By now, the fashion police have taken notice that Macy’s has acquired Marshall Field’s, and the buzz around the block seems to be whether Macy’s will rename its new acquisition the way George Foreman named all five of his sons—you know, George Foreman. Twin Citizens probably don’t care one way or the other—most of us still think of that particular store at that particular location as Dayton’s. So we can’t muster a lot of sympathy for the idle Chicagoans resisting change at keepitfields.org.
On the other hand, the torch has finally dropped on one of our favorite local bands, the Olympic Hopefuls. Continuing correspondence with the United States Olympic Committee has resulted in a not-unfriendly caution that the USOC has trademarked the word “olympic,” and even goes so far as to suggest that there are federal laws requiring the committee to enforce the trademark. In other words, meet “the Hopefuls.” We think it’s a shame, and we want to make a stand right now against anyone who wishes to plant their institutional flag on any little dry spot within the borders of Webster’s. In fact, our view is that if the word is in common usage long enough to enter the Concise, then it falls within international waters, and ought to be open to all who wish to travel there. We wonder if the USOC has made special arrangements with the Olympic Penisula in Washington State, or, for that matter, Olympia beer. The Hopefuls are not the first local band to get beat up by the corporate poets; remember when Tilt-A-Whirl became Arcwelder?

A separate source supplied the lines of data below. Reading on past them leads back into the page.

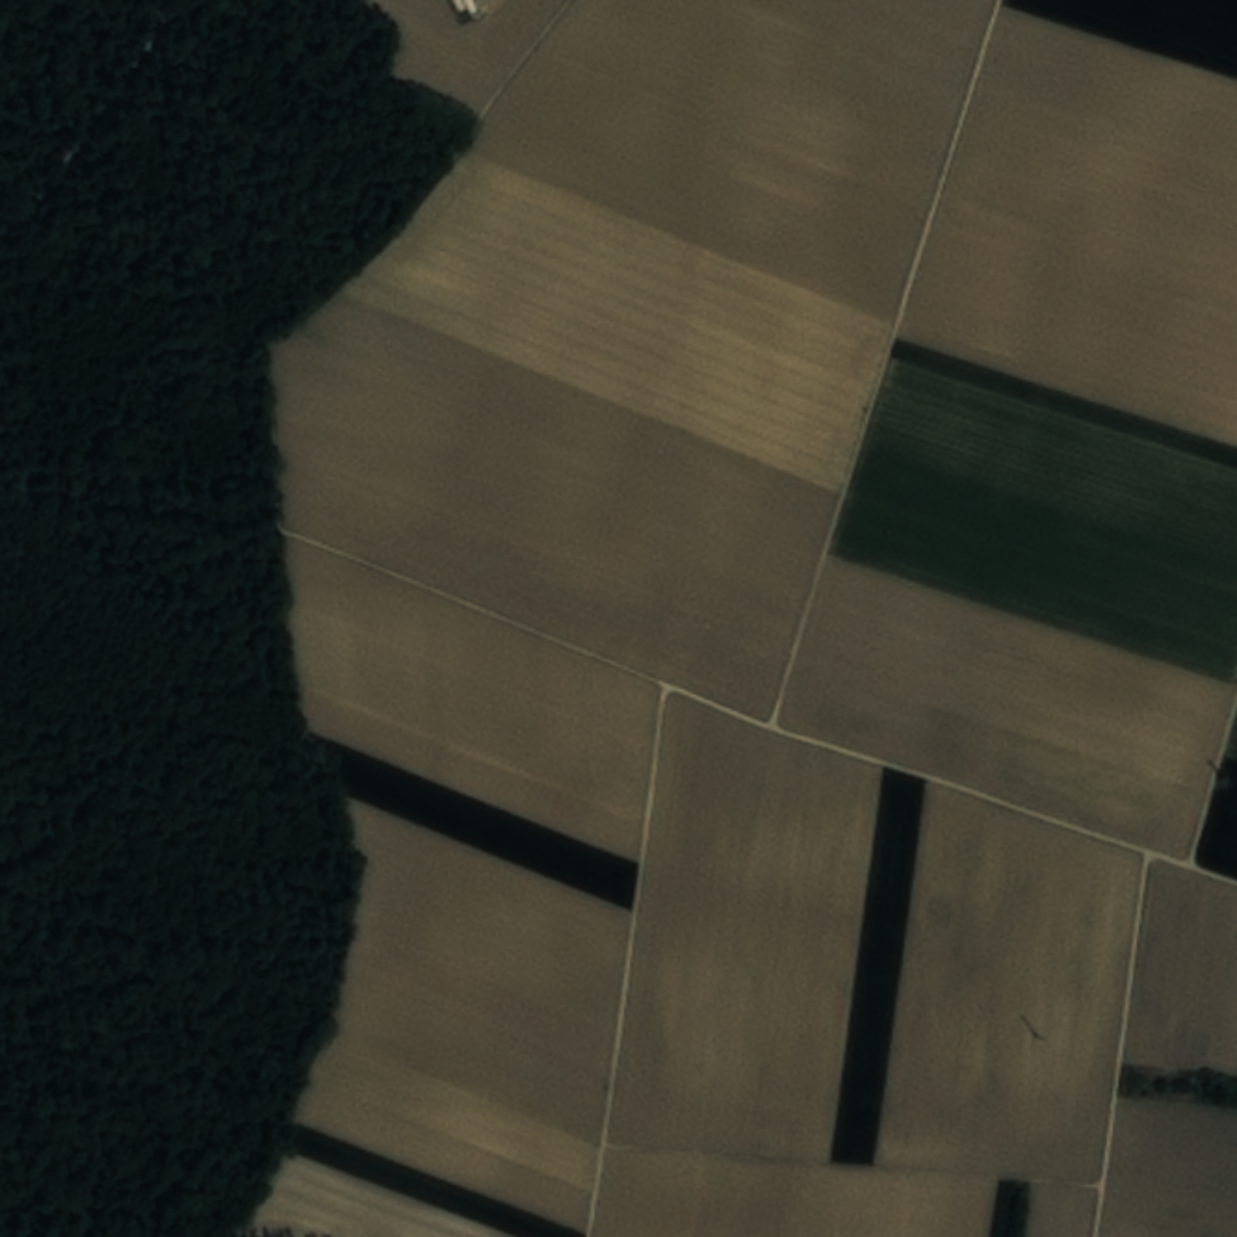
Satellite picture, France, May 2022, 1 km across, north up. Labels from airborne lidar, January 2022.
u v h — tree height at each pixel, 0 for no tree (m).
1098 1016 0
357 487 0
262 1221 0
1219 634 0
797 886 0
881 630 0
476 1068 0
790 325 0
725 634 0
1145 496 0
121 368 27
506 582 0
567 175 0
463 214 0
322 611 0
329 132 27
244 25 16
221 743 25
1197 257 0
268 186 25
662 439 0
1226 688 0
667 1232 0
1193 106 0
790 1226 0
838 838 0
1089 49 0
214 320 23
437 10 0
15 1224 24
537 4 0
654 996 0
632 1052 0
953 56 0
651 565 0
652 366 0
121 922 27
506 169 0
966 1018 0
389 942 0
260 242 22
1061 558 0
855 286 0
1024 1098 0
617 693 0
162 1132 27
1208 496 0
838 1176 0
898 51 0
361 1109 0
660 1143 0
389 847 0
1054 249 0
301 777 23
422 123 18
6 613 22
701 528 0
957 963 0
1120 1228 0
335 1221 0
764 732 0
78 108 8
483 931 0
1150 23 0
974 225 0
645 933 0
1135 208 0
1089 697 0
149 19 19
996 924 0
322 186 22
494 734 0
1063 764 0
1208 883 0
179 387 30
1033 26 0
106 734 30
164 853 24
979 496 0
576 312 0
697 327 0
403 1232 0
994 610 0
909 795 0
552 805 0
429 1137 0
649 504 0
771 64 0
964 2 0
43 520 22
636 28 0
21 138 21
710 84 0
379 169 28
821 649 0
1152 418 0
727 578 0
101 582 23
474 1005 0
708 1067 0
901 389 0
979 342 0
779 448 0
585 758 0
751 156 0
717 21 0
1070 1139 0
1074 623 0
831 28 0
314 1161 0
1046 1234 0
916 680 0
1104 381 0
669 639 0
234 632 23
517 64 0
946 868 0
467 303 0
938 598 0
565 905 0
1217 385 0
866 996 0
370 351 0
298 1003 21
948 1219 0
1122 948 0
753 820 0
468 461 0
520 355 0
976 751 0
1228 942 0
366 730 0
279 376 0
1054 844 0
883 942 0
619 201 0
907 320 0
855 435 0
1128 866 0
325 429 0
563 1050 0
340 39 28
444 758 0
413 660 0
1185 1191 0
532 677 0
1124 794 0
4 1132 26
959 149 0
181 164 24
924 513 0
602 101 0
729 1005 0
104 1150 28
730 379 0
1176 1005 0
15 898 22
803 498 0
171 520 27
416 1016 0
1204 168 0
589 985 0
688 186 0
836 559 0
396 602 0
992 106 0
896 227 0
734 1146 0
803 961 0
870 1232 0
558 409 0
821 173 0
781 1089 0
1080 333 0
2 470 22
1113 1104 0
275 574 23
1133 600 0
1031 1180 0
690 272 0
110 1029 29
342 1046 0
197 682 18
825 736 0
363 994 0
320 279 18
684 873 0
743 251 0
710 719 0
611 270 0
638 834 0
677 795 0
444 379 0
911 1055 0
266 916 24
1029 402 0
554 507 0
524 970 0
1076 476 0
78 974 25
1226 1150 0
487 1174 0
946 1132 0
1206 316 0
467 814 0
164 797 26
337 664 0
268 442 11
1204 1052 0
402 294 0
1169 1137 0
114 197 26
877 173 0
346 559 0
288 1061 28
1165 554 0
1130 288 0
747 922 0
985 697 0
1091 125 0
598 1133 0
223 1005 25
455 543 0
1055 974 0
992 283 0
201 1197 22
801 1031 0
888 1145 0
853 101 0
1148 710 0
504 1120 0
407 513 0
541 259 0
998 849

If the tradeoff is more companies making up strange names that appear in no dictionary, the better to protect their legal and business interests, then fine. Frankly, we don’t foresee a sudden run-up in the stock of “Lucent” among poets and novelists, and we pledge never to use that word when another will do as well. Though we have taken note of how some of the world’s best-established brands become effective shortcuts in description (“Rollerblades”—an excellent word), other nonsense neologisms are headed for a richly deserved instant oblivion. May they rest in a deep, dark hole capped by a little ® manhole cover.